In January 2007, at the request of the CIO Council and Cabinet Office, OGC launched the CAF360 – a supplier assessment of departmental performance. This complements the departments’ assessment of suppliers and provides a rounded view of areas to drive increased delivery performance from key contracts. Individual supplier Performance Improvement Plans measure progress against the three key objectives and are designed to address shortfalls in delivery and measure cash savings.
A number of tools to improve programme and project delivery have been delivered by joint Industry/Government working groups (‘Tiger Teams’) that are now being implemented by public sector bodies. These include a standard Pre-procurement Qualification Questionnaire (PQQ), Procurement Qualification Toolkit (PQT), ICT services model contract and the Joint Statement of Intent (JSI). All of these tools are available to public sector bodies via the OGC website.
However, despite four years of joint work, delivery performance has improved only incrementally and the pace of improvement is beginning to plateau. ICT programmes and projects continue to run behind time, quality and cost parameters and the average procurement of an ICT services contract takes 77 weeks.
The improvement in overall performance is shown in the following chart:

OGC, Cabinet Office, CIO Council and Industry are now developing a revised programme of work to address the joint challenges of tightening economic circumstances alongside increasing requirements for better commercial outcomes and delivery. This work will report to the CIO Council in January 2010. Elements of this review will include strengthened governance and strategic alignment to the ICT Strategy for Government (and it’s associated ICT Procurement Strategy), targets for CAF delivery scores to increase to 3.5 or more by 2015 and increased access to Government contracts and procurements by Small, Medium Enterprises (SMEs) by 2015.

Firstly, I’d just like to make clear these comments are non-political and are made here as there isn’t a commentable version of the draft strategy available elsewhere.
Given that central government is ‘approximately 65%’ outsourced this is one of the most critical aspects to the strategy – ensuring government’s IT strategic suppliers actually deliver IT successfully. It’s also the one where, evidently, there’s been the most difficulty and the least room for maneouvre.

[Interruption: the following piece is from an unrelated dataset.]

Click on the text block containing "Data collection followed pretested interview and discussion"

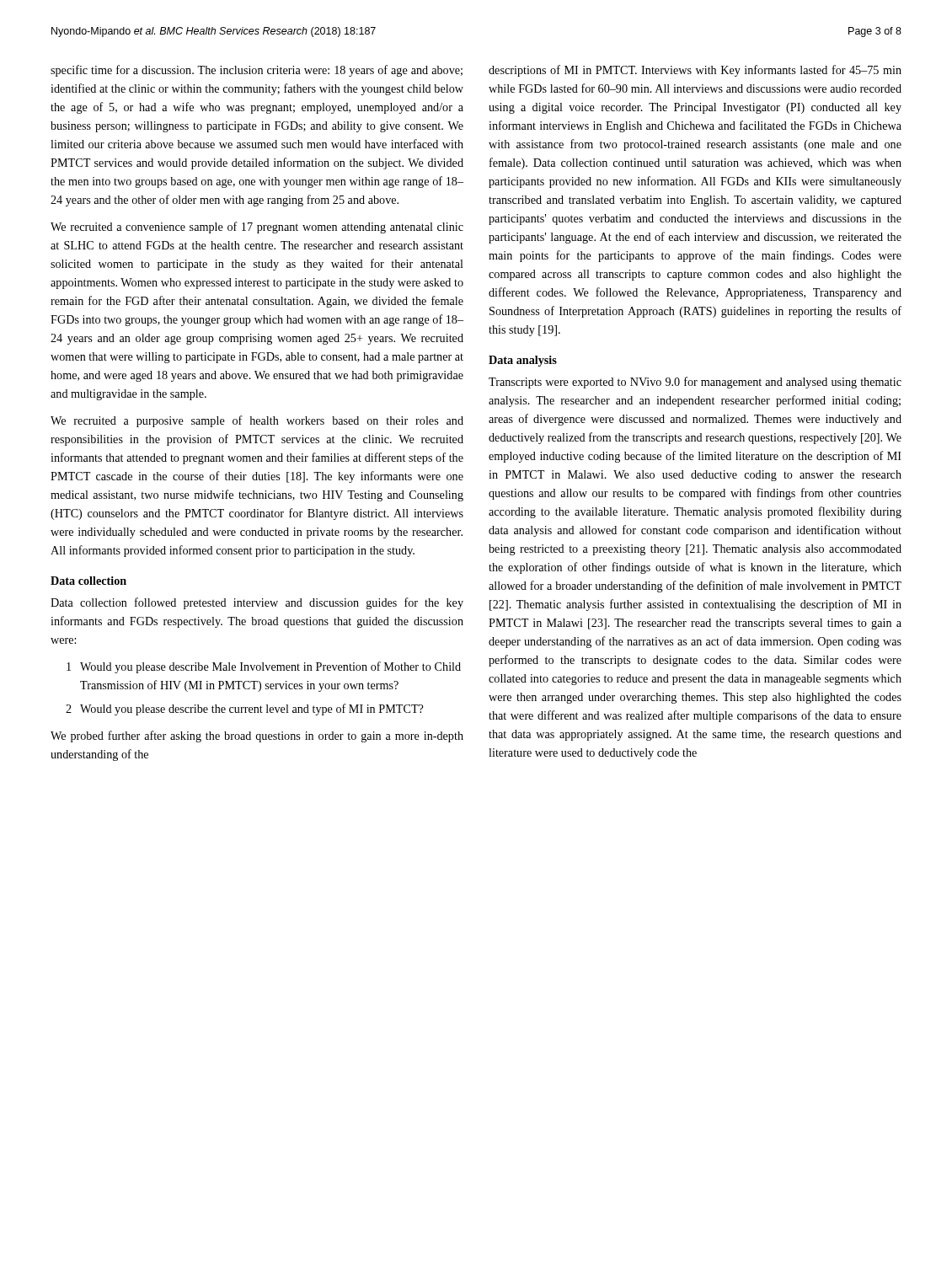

To put the above into context:
In 2004, ministers set a target for 70% of major Government IT projects to be delivered ‘on time, on budget and to specification and budget’ by the following year(see http://www.egovmonitor.com/node/1320). This represented a 2-3x increase in performance levels at the time.
In 2007, a central government CIO is said to have disclosed that only 30% of projects were compliant. (See: http://bit.ly/5bRemC). In May 2009, the Transformational Government annual report stated that only 55% of projects were on target, which was a major improvement but still leaves nearly half falling below requirements.
At the same time, according to the report, Government IT spending has increased by £1.24bn since the start of the Transformational Government strategy in 2005/6 – the biggest contributor to this rise being the Ministry of Defence (presumably owing largely to UK military operations).
This is despite the Government’s CIO Council’s target to reduce government IT costs by 20% by 2011.
This year’s figures didn’t include IT expenditure for the Scottish and Welsh public sectors, though the previous report estimated Wales’ spending last year at £225m and Scotland’s at £600m in 2005/06. If these to be actually included in the overall sum, UK government IT expenditure would be an estimated £14.5bn.
So while government IT costs rise, the performance of key IT government suppliers falls.
Research by the Government’s CIO Council on the performance of the Government’s ‘top 13 IT suppliers’ published in the last T-Gov annual report shows around 70% are rated ‘not good’.
From January to June 2008, overall only a quarter of these strategic suppliers were rated ‘good’ – compared with a third a year ago – while the very small percentage classed as ‘excellent’ showed no change from last year.
It adds that over 37% of public sector IT expenditure – equivalent to some £4.7bn per year – is shared between just 13 companies. According to the strategy above, this equates to around 150 contracts which need to be managed.
While this section briefly touches on the problems and the solutions, I’d suggest more radical steps are now required to bring about a step-change in supplier performance and to better manage the key spend.